Comprehensive FFI example exercising all supported patterns: structs, tagged union enums, slices, vecs, options, strings, callbacks (with Shape, Slice, Option, and Vec parameters), and a KitchenSink struct that combines all major FFI types (u64, bool, f64, ffi::String, tagged enum, ffi::Option, ffi::Slice, ffi::Optionffi::String). Exports a public inventory() function consumed by the backend's integration test. Mirrors the role of crates/reference_project/ for the C# backend.

Test infrastructure

• crates/backend_c/tests/: Rust integration test generates the C header from reference_project_c's inventory. C++20 gtest suite (10 tests) under reference_project/ loads the Rust cdylib and validates all FFI types with proper assertions. Uses CMake + FetchContent for gtest. The generated header is gitignored (regenerated by cargo test).

• examples/hello_world/: added a second binding generation test for C (alongside the existing C# one), plus a simple C++20 gtest (2 tests) that validates the Vec2/my_function roundtrip. Renamed bindings/ to bindings_csharp/ for clarity alongside bindings_c/. Also fixed the existing C# Xunit test to only reference types in the inventory and updated the target framework to net10.0. Generated headers are gitignored.

• Justfile: just test-c runs both C++ test suites via a shared _test_c helper (cmake configure/build/ctest with RUST_LIB_DIR). just test-dotnet now also runs the hello_world Xunit test. Both are wired into just ci.

[ralfbiedert]

Hi, thanks for the PR, and thanks a lot for looking after the C backend.

Yes, AI assisted PRs are generally fine if there is sufficient 'human in the loop'. This PR has a few issues though:

Most importantly, the C backend (any backend now) should be 'model + pass' based. Essentially that means each backend should

• First, define a understandable model how the target language works (see the C# backend lang module). Essentially that means defining a taxonomy what items (functions, types, enums, ...) should be observable in its output.
• Next, define one or more model passes (again, see C#) that transform core::Inventory items into its own model. This might mean mapping types, filtering out things that won't work, registering helper types, ...
• Lastly, define one more output passes that (gradually) build up fragments (e.g, type definitions, enum definitions, ...)

The overall structure should be vaguely organized like in the C# backend, in particular the lang items, passes and pipelines (pipelines glue the passes together).

The passes should also be configurable (this might include options about naming conventions, etc.), and setting these config options should again follow how the C# pipeline builders do it.

Most importantly, new backends must use tera templates like the C# backend does it.
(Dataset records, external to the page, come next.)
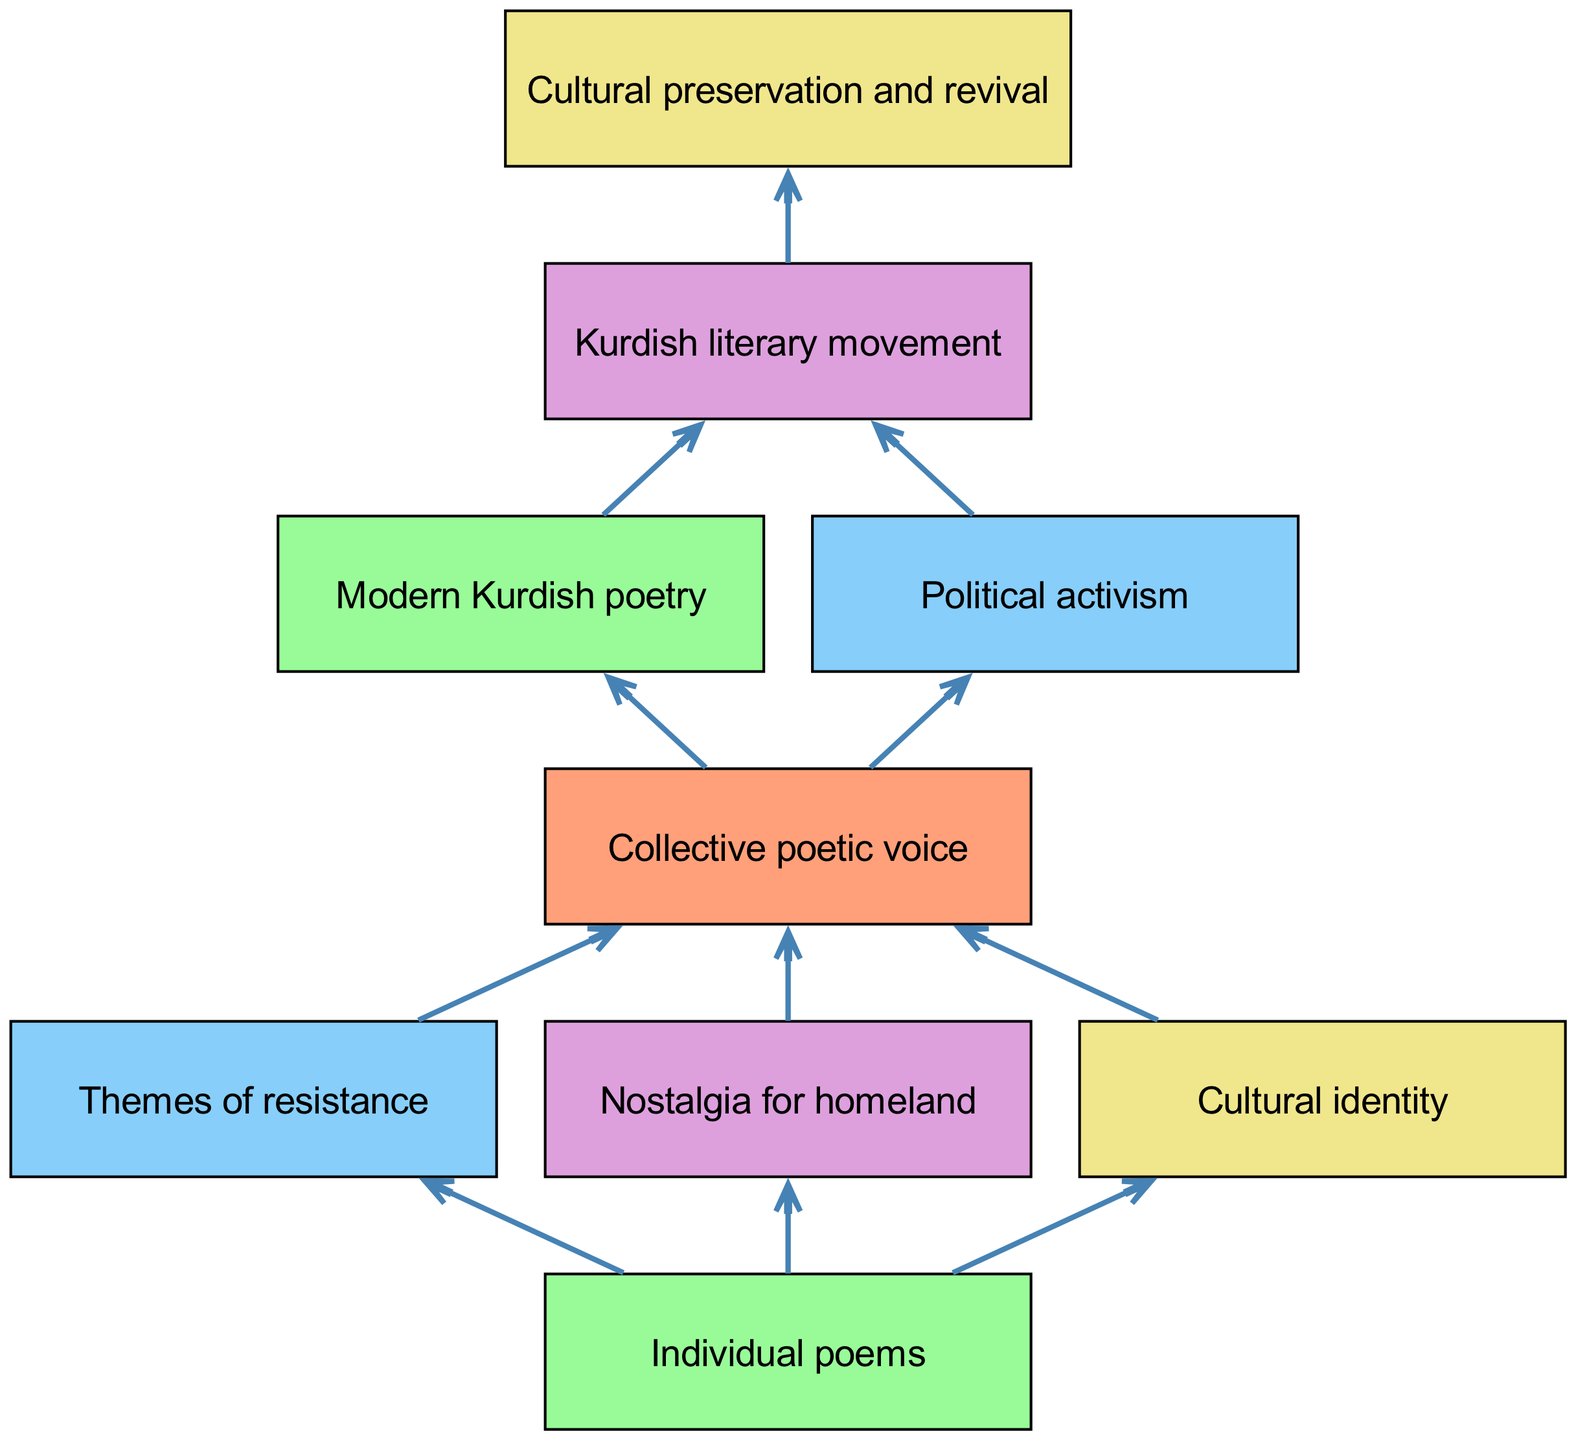What's at the top of the diagram? The top element in the diagram is "Individual poems," which serves as the starting point for the flow chart, indicating the focus on poems influenced by various movements.
Answer: Individual poems How many themes are directly under "Individual poems"? There are three children nodes directly under "Individual poems": "Themes of resistance," "Nostalgia for homeland," and "Cultural identity." So, the count is three.
Answer: 3 What is the final outcome of the flow chart? The final node of the flow chart is "Cultural preservation and revival," which represents the ultimate impact of the discussed themes and movements on Kurdish poetry.
Answer: Cultural preservation and revival Which node connects "Political activism" to the overall poetic impact? "Political activism" connects to "Kurdish literary movement," indicating that activism is an aspect contributing to the broader literary movements within Kurdish poetry.
Answer: Kurdish literary movement What are the children of "Collective poetic voice"? The children of "Collective poetic voice" are "Modern Kurdish poetry" and "Political activism," highlighting the aspects emanating from a unified voice in the poetry.
Answer: Modern Kurdish poetry, Political activism How do "Themes of resistance" and "Nostalgia for homeland" contribute to the same outcome? Both "Themes of resistance" and "Nostalgia for homeland" lead to the "Collective poetic voice," which is the shared expression resulting from these individual themes.
Answer: Collective poetic voice Which node acts as a bridge between themes and the broader movement? "Collective poetic voice" serves as the bridge connecting individual themes like resistance and nostalgia to the larger context of the Kurdish literary movement and cultural revival.
Answer: Collective poetic voice How many edges are in the diagram? By counting the arrows connecting nodes in the diagram, there are a total of eight directed edges representing the flow of influence between themes and outcomes.
Answer: 8

The whole indented!() we had earlier, and the writeln!() in here, is a total maintenance nightmare.

Testing should also vaguely follow C#. There should be multiple emission / insta snapshot tests for various reference project parts. Neither tests nor codegen should include C++ constructs (for the backend_c), unless its minimal and optional.

[yuvatia]

Thank you for your feedback, will address those comments and update the PR in a few days.

[yuvatia]

I'm debating adding a {{load_fn}}W or something that just takes a PCWSTR to avoid these conversions, wdyt?

[yuvatia]

I updated the PR to address all your comments, and also addressed a few gaps such as missing benchmarks (runnable with just bench-c) + some functionality that was lost from the older backend that I liked (being able to choose between snake_case/camelCase/PascalCase).

[ralfbiedert]

Sorry, but this still has most issues of the C backend flow and structure being vastly different from the C# one.

I recommend you (as a human) look at the C# backend and get a feeling for it, there's too much detail to write everything down item-by-item. While some internals have been agent created (e.g., overload emission and proc macros), the overall backend flow is 'hand-designed' and should be easy to follow (if it isn't that would be an issue).

One bigger thing though I missed the first time, the reliance on cmake, which is often a PITA to set up on platforms that don't ship it out of the box. It's a bit of a weak argument given we rely on dotnet already (and I'm open to discussions how to address that), but I'd be good to explore options (maybe, using cc?) to minimize setup pain.